The conductor raised his baton like a sorcerer and she had a thought — Harold will notice the tire marks — and then she didn’t think about Harold anymore as the instruments rose their grand voices, their light insistences, their bass intones, intertwining together like wisps of smoke above their heads. She didn’t think about Harold, or much of anything else, as the music called to itself and answered, and called to something outside of itself. The music was a mad swirl and then became quiet, searching. It seemed to disappear as if behind a film of curtain but then it returned with new resonant layers. It rumbled, a thing gathering strength as it pushed forward.

All the way home, back through the brightly lit city and the quiet tunnel, she felt that cord of exhilaration running through her. It was enough to make her forget to worry about Harold seeing the tracks, although a fresh layer of snow ended up falling early the next morning and he did not. 

Harold was reassigned to day shift that spring and that was the end of the night drives. In May, he put an ad in the paper and ended up selling the Dodge for $350. A man wearing greasy coveralls came out and took the car for a test drive, then peeled off the money from a thick stack in his pocket.

“Glad that old junker’s finally gonna get some use,” said Harold as they watched the car disappear down the road. 

In the months that followed, Lou took aimless drives through the farm roads after her weekly errands, groceries rattling in the passenger seat of Harold’s truck, radio turned up high. Other days, while Harold was at work, she wandered in the hills behind the house on foot.

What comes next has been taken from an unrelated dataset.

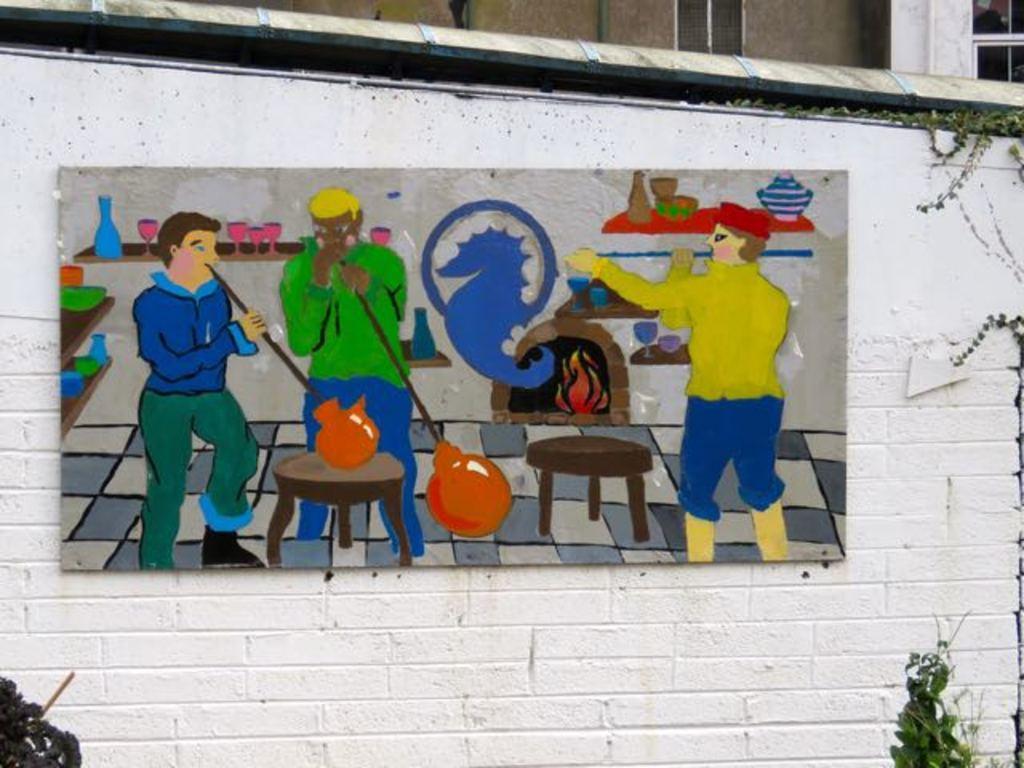How would you summarize this image in a sentence or two? In the image there is a white wall with painting in the middle with plants on either side of it and behind it seems to be a building. 
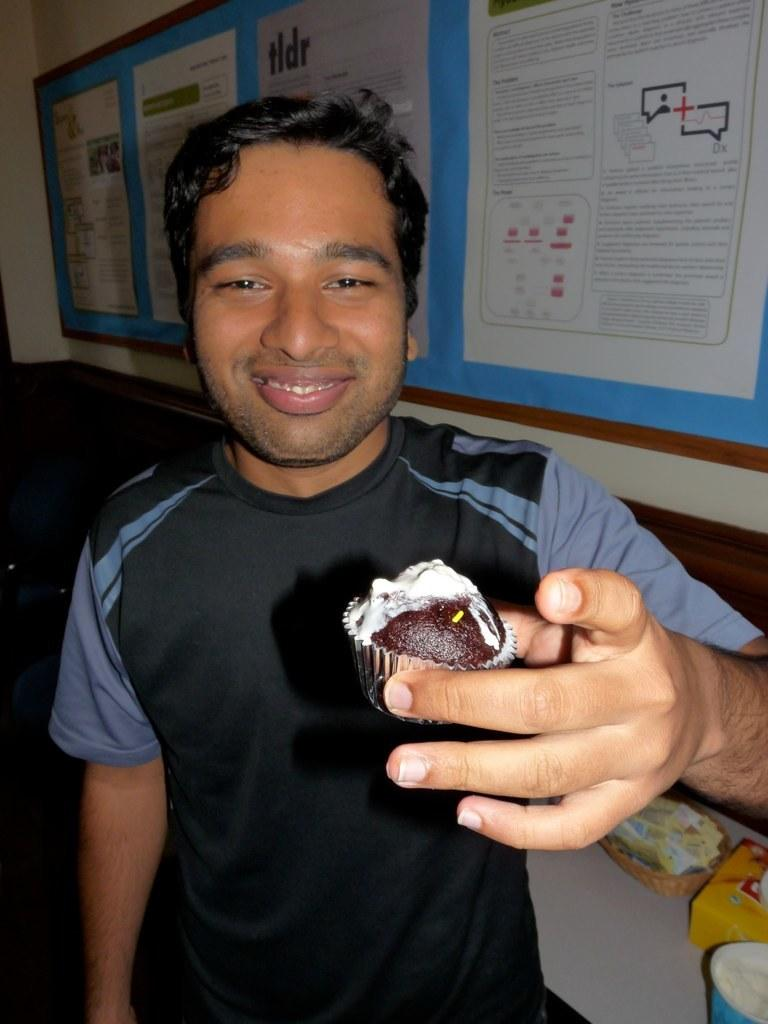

One evening, she roamed so far that she nearly got lost and had to stumble through a tangle of blackberry bushes down to the road as the sun lowered behind the soft slopes of the hills. As she made her way toward home, she admired the mauve sky darkening against the flame-colored maples and joyfully imitated the sound of an owl that had begun hooting from the tree line. Passing by Janelle’s house, she caught sight of the older woman watching her suspiciously from the small kitchen window that faced the road. 

Lou felt a warm satisfaction even as she shivered in the cooling air, imagining what Janelle might say to the neighbors. I just don’t know what to make of that girl. Saw her wandering around in the dark last night with leaves stuck in her hair, screeching like a wild animal.  

As Lou made her way toward the house with Harold’s truck parked in front, she finally answered the question that she had asked in the car that night in January. The thought would come to her even years later whenever she found herself doing something unexpected, whether it was writing a check for a new record player without consulting Harold first, or taking a spontaneous detour on a sunny afternoon, or wandering in the woods for hours until she could no longer see the little blue-roofed house at all.

I do, she thought. I do this kind of thing.